シンプルな自動化スクリプトを書き始めた:監視システムから出力されたCSVファイルを読み込み、CPU使用率が80%を超えるサーバーをフィルタリングして、アラートを送信するものだ。最初は約50行で、標準のcsvモジュールを使って動作していた。その後、要件が徐々に増えていった——財務チームからのExcelファイルも処理する必要が出て、複数のソースからデータをマージし、月次レポートをエクスポートしなければならなくなった。スクリプトが500行に膨れ上がっても、まだ素のcsvを使い続けていた時、ようやく自分が間違った道を進んでいたと気づいた。
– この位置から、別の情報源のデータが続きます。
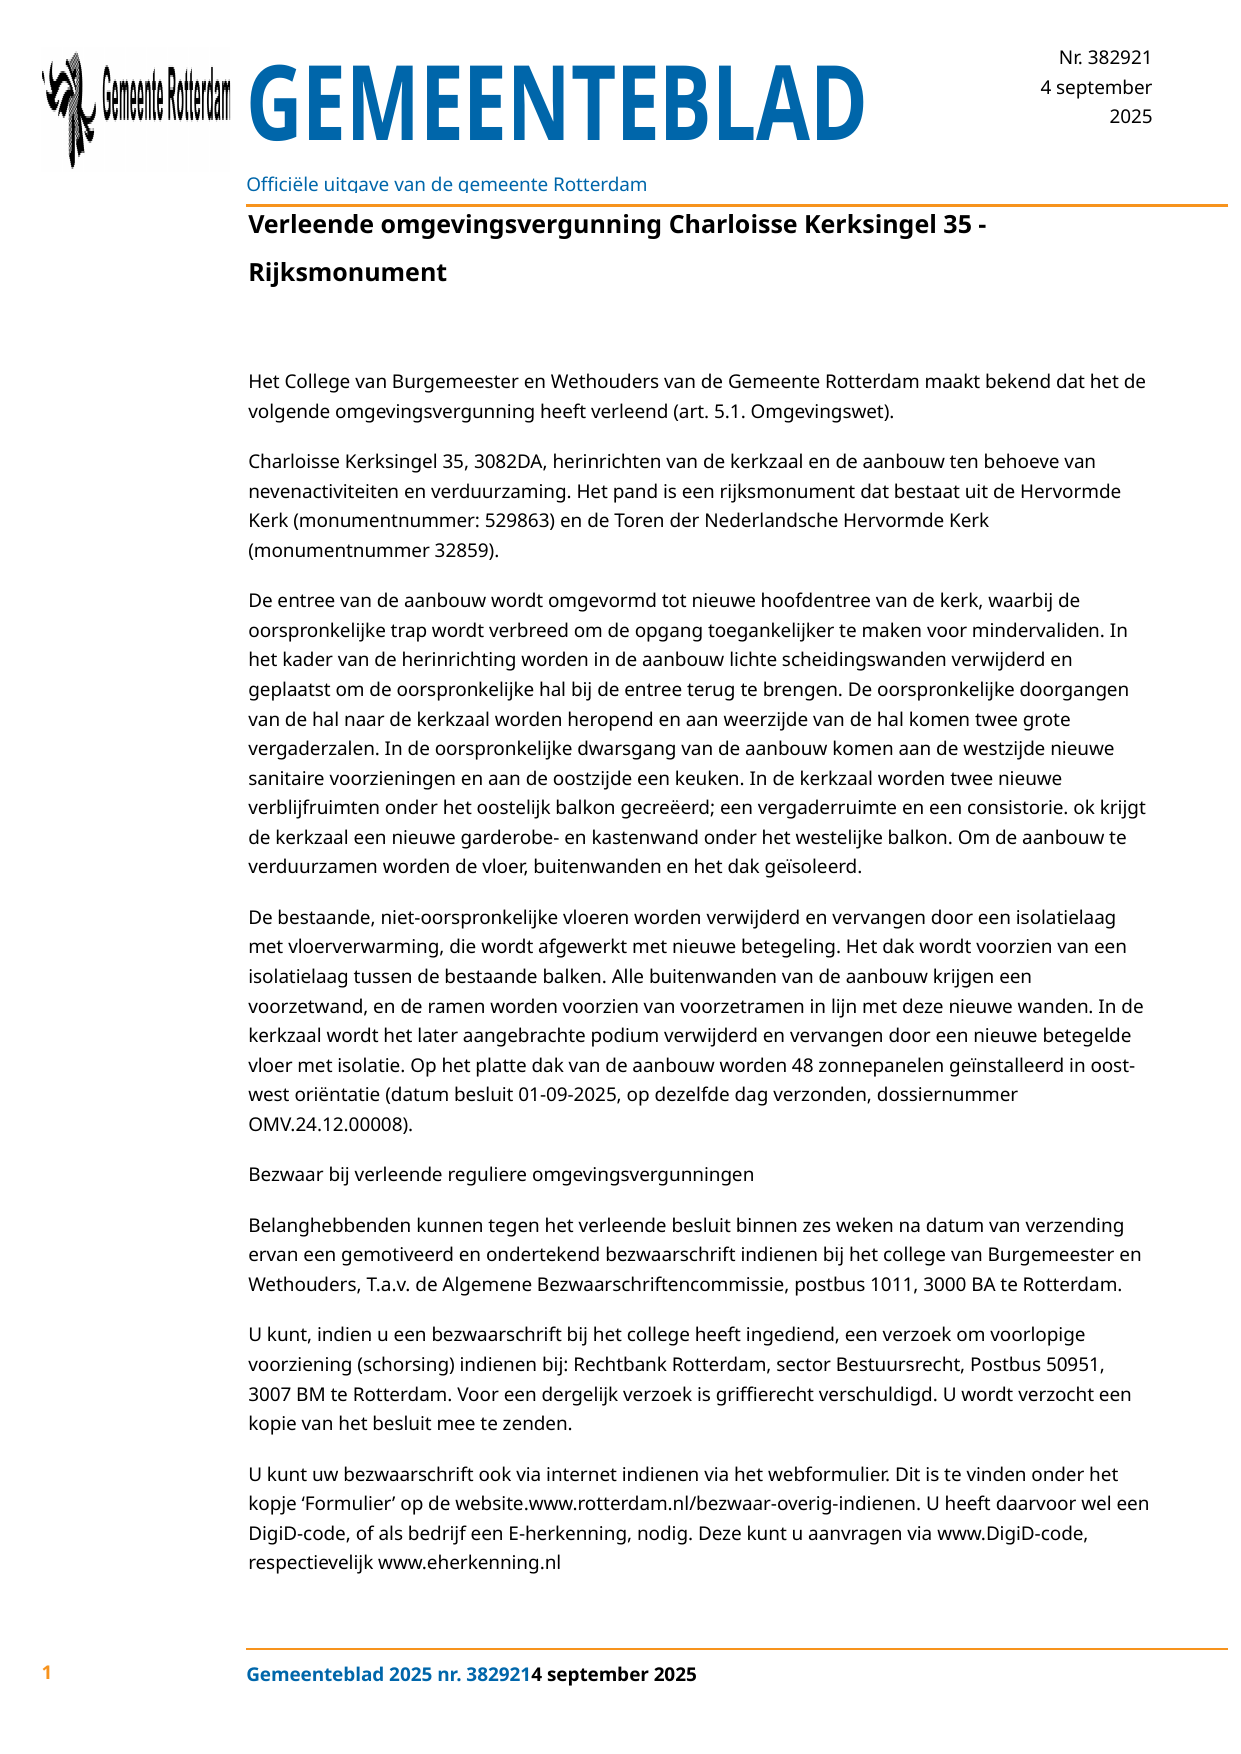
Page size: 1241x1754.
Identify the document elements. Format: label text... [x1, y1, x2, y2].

text U kunt, indien u een bezwaarschrift bij het college heeft ingediend, een verzoek om voorlopige voorziening (schorsing) indienen bij: Rechtbank Rotterdam, sector Bestuursrecht, Postbus 50951, 3007 BM te Rotterdam. Voor een dergelijk verzoek is griffierecht verschuldigd. U wordt verzocht een kopie van het besluit mee te zenden. [248, 1322, 1152, 1436]
text Verleende omgevingsvergunning Charloisse Kerksingel 35 - Rijksmonument [248, 207, 1152, 288]
text U kunt uw bezwaarschrift ook via internet indienen via het webformulier. Dit is te vinden onder het kopje ‘Formulier’ op de website.www.rotterdam.nl/bezwaar-overig-indienen. U heeft daarvoor wel een DigiD-code, of als bedrijf een E-herkenning, nodig. Deze kunt u aanvragen via www.DigiD-code, respectievelijk www.eherkenning.nl [248, 1461, 1152, 1575]
text Bezwaar bij verleende reguliere omgevingsvergunningen [248, 1162, 1152, 1187]
picture [41, 47, 231, 172]
text Belanghebbenden kunnen tegen het verleende besluit binnen zes weken na datum van verzending ervan een gemotiveerd en ondertekend bezwaarschrift indienen bij het college van Burgemeester en Wethouders, T.a.v. de Algemene Bezwaarschriftencommissie, postbus 1011, 3000 BA te Rotterdam. [248, 1212, 1152, 1297]
text Charloisse Kerksingel 35, 3082DA, herinrichten van de kerkzaal en de aanbouw ten behoeve van nevenactiviteiten en verduurzaming. Het pand is een rijksmonument dat bestaat uit de Hervormde Kerk (monumentnummer: 529863) en de Toren der Nederlandsche Hervormde Kerk (monumentnummer 32859). [248, 448, 1152, 563]
text De entree van de aanbouw wordt omgevormd tot nieuwe hoofdentree van de kerk, waarbij de oorspronkelijke trap wordt verbreed om de opgang toegankelijker te maken voor mindervaliden. In het kader van de herinrichting worden in de aanbouw lichte scheidingswanden verwijderd en geplaatst om de oorspronkelijke hal bij de entree terug te brengen. De oorspronkelijke doorgangen van de hal naar de kerkzaal worden heropend en aan weerzijde van de hal komen twee grote vergaderzalen. In de oorspronkelijke dwarsgang van de aanbouw komen aan de westzijde nieuwe sanitaire voorzieningen en aan de oostzijde een keuken. In de kerkzaal worden twee nieuwe verblijfruimten onder het oostelijk balkon gecreëerd; een vergaderruimte en een consistorie. ok krijgt de kerkzaal een nieuwe garderobe- en kastenwand onder het westelijke balkon. Om de aanbouw te verduurzamen worden de vloer, buitenwanden en het dak geïsoleerd. [248, 587, 1152, 879]
text De bestaande, niet-oorspronkelijke vloeren worden verwijderd en vervangen door een isolatielaag met vloerverwarming, die wordt afgewerkt met nieuwe betegeling. Het dak wordt voorzien van een isolatielaag tussen de bestaande balken. Alle buitenwanden van de aanbouw krijgen een voorzetwand, en de ramen worden voorzien van voorzetramen in lijn met deze nieuwe wanden. In de kerkzaal wordt het later aangebrachte podium verwijderd en vervangen door een nieuwe betegelde vloer met isolatie. Op het platte dak van de aanbouw worden 48 zonnepanelen geïnstalleerd in oost-west oriëntatie (datum besluit 01-09-2025, op dezelfde dag verzonden, dossiernummer OMV.24.12.00008). [248, 904, 1152, 1137]
text Het College van Burgemeester en Wethouders van de Gemeente Rotterdam maakt bekend dat het de volgende omgevingsvergunning heeft verleend (art. 5.1. Omgevingswet). [248, 368, 1152, 424]

リファクタリングに丸3日かかった。それ以来、惰性でライブラリを選ぶことはやめた。この記事では実践的な問いに直接答えていく——「pandasとは何か」ではなく、いつ何を使うべきか、そして正しい使い方についてだ。
3つの主要アプローチを比較する
Pythonにはこの問題に対する主要なライブラリが3つある。それぞれ異なる場面に適している:
方法1:標準ライブラリのcsvモジュール
import csv
with open('servers.csv', newline='', encoding='utf-8') as f:
reader = csv.DictReader(f)
for row in reader:
if float(row['cpu_usage']) > 80:
print(row['hostname'])
追加インストール不要で、あらゆる環境で動作する。ただし、各行は純粋なPythonの辞書(dict)なので——10,000行のCPU平均を計算したければ、自分でループを書かなければならない。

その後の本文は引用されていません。